The first extraordinary deduction was called the “special deduction.” It equaled
20% of a life insurance company’s taxable income. This effectively reduced a large
life insurance company’s rate of tax from the 46% statutory corporate tax rate then
applicable to a 36.8% rate. In 1986, Congress reduced corporate tax rate to 34% for
corporations with taxable income of more than $335,000. In light of this general
reduction in corporate tax rates, Congress eliminated this 20% special deduction in

1986.


The second extraordinary deduction is the so-called “small life insurance
company deduction.” Under Internal Revenue Code Section 806, a “small” life
insurance company may deduct 60% of its otherwise taxable income, subject to
several limitations. First, the small life insurance company deduction cannot exceed
$1,800,000. Second, if a life insurance company’s otherwise taxable income exceeds
$3 million, the deduction is phased out, so that no deduction is allowed for life
insurance companies with taxable income in excess of $15 million. Third, no
deduction is allowed for a life insurance company that has assets in excess of $500
million.
To illustrate the operation of the small life insurance company deduction,
consider the following example. Assume that a company has taxable income of $2
million before taking the small life insurance company deduction. The small life
insurance company deduction equals $1.2 million (i.e., 60% of its otherwise taxable
income). The company’s taxable income of $800,000 is taxed at the generally
applicable corporate tax rate. Although technically a deduction, this provision has
the effect of reducing a small life insurance company’s effective rate of taxation to
40% of the normal rate applicable to corporations. Thus, a small life insurance
company with income of up to $3 million will be subject to a maximum effective tax
rate of 14%, rather than the 34% statutory rate.
In enacting this provision, Congress recognized that this deduction did not
reflect an expense that constituted a cost of doing business. Rather, it recognized that
small life insurance companies had “enjoyed a tax-favored status for some time [prior



to the enactment of the Tax Reform Act of 1984] and [Congress] believe[d] that it
would not be appropriate to dramatically increase their tax burden at this time.”5 The
legislative history does not address reason why small life insurance companies
should be taxed at lower rates than other business corporations with the same level
of income.
Costs Incurred to Produce Tax-Preferred Forms of Income
Certain forms of income are taxed in a preferential fashion under the income
tax.

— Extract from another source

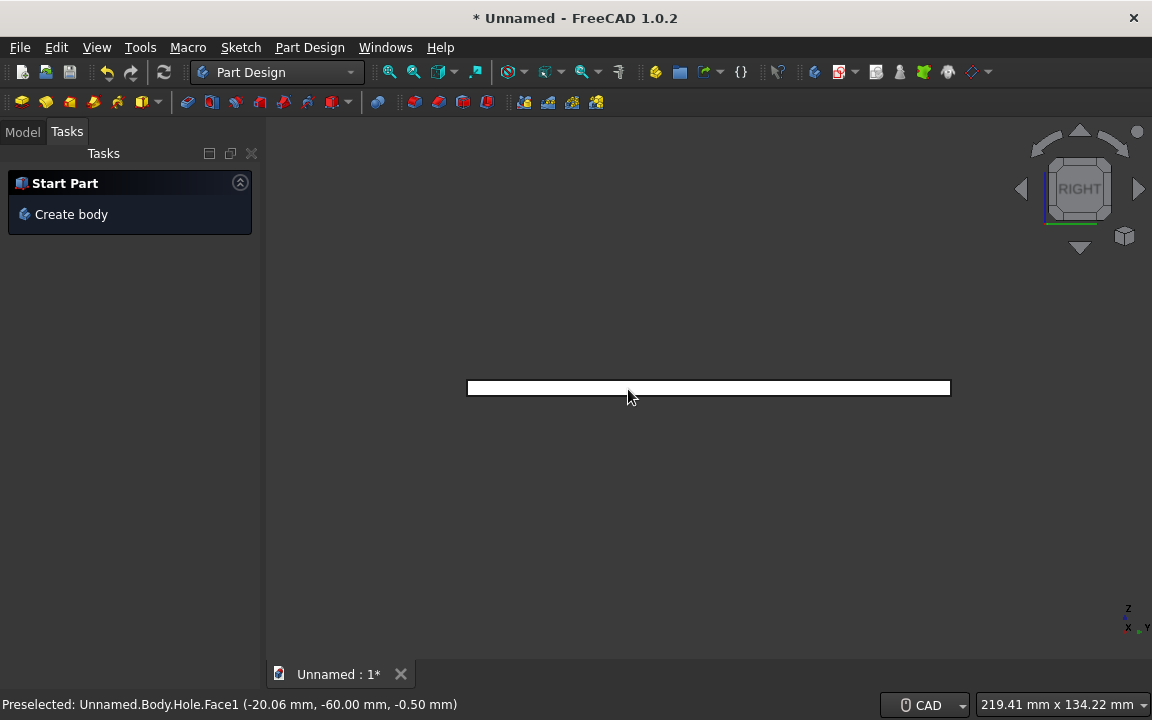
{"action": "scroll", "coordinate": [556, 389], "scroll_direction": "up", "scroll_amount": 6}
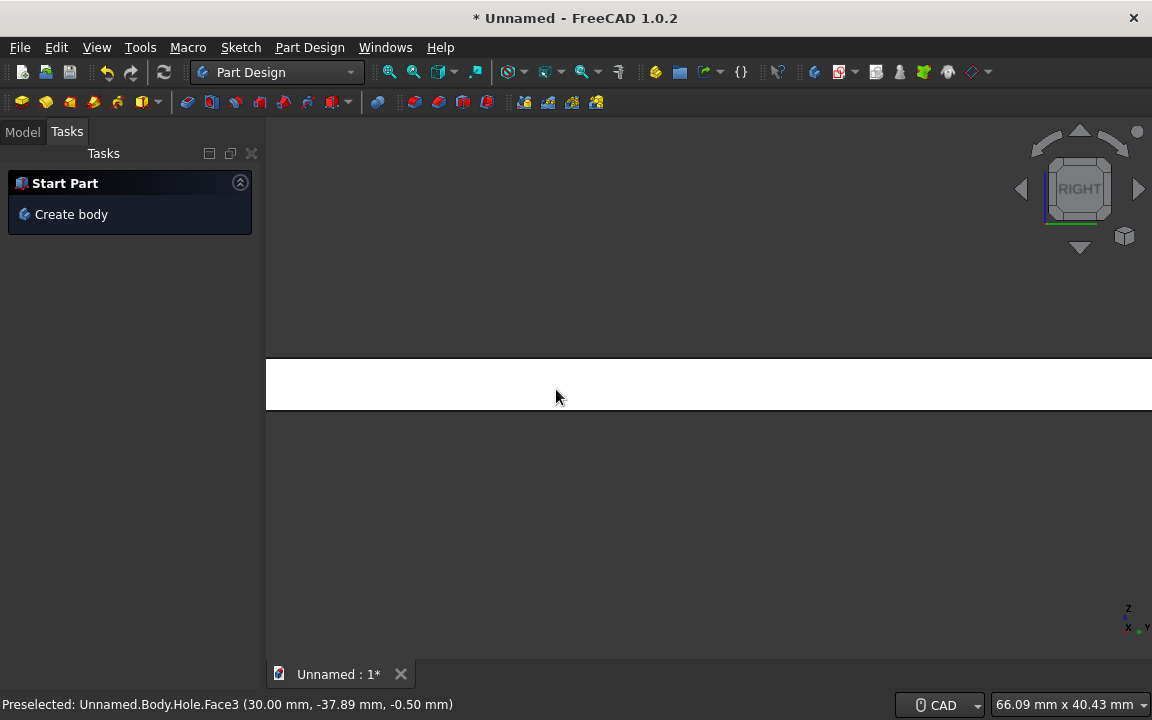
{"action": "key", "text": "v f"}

For example, interest paid to owners of certain state and local bonds is exempt
from taxation. (IRC Section 103). Similarly, a corporation that receives
intercorporate dividends is permitted a deduction equal to between 70 and 100% of
the dividend (IRC Section 243).
A taxpayer who incurs deductible expenses to earn tax-preferred income may
engage in what tax analysts call “tax arbitrage.”6 A simple illustration demonstrates
the tax benefits that arise in tax arbitrage transactions. Consider a taxpayer who
borrows $100,000 which is used to purchase a tax-exempt bond. Assume that the
taxpayer pays interest on the borrowed funds at a 6% rate and that the tax-exempt
bond pays interest at a 5% rate.
In this example, were there no restraints on “tax arbitrage,” the taxpayer receives
$5,000 of interest income and pays $6,000 of interest expense. On a pre-tax basis,
the taxpayer loses $1,000 per year as a result of engaging in these transactions. On
an after-tax basis, however, this transaction is profitable. Assuming that the
taxpayer’s income is taxed at a 35% marginal tax rate, the tax-deductible interest
payment of $6,000 generates tax savings of $2,100 (0.35 x $6,000). This tax savings
convert the pre-tax loss of $1,000 into an after-tax profit of $1,100.
The Internal Revenue Code contains several provisions that reduce the tax
benefits that otherwise would arise in tax arbitrage transactions. For example,
Internal Revenue Code Section 265 limits the deduction for interest deemed to be
allocable to investments in tax-exempt bonds. The tax provisions governing life
insurance companies contain the most comprehensive limitation on deductions
arising from tax arbitrage (IRC Sections 805(a)(4) and 807(a)(2)). These provisions
apply to all tax-exempt interest and most intercorporate dividends. Under these
provisions, the tax-preferred investment income is “prorated” between the company
and the policyholders. This proration is based upon the portion of the life insurance
company’s investment income that is allocable to the policyholders.
For example, if 90% of the company’s investment income is used to satisfy the
company’s obligations to its policyholders, only 10% of the tax-preferred income is
deemed to be allocable to the company’s own investment. As result, the company
is allowed a deduction with respect to only 10% of the intercorporate dividends


5 U.S. Congress, House of Representatives, H.Rept. 432 (pt 2), 98th Cong., 2nd sess. 1410
(1984).
6 Generally, individuals cannot (but businesses can) deduct the interest on borrowed funds
used to purchase securities paying interest which is taxable.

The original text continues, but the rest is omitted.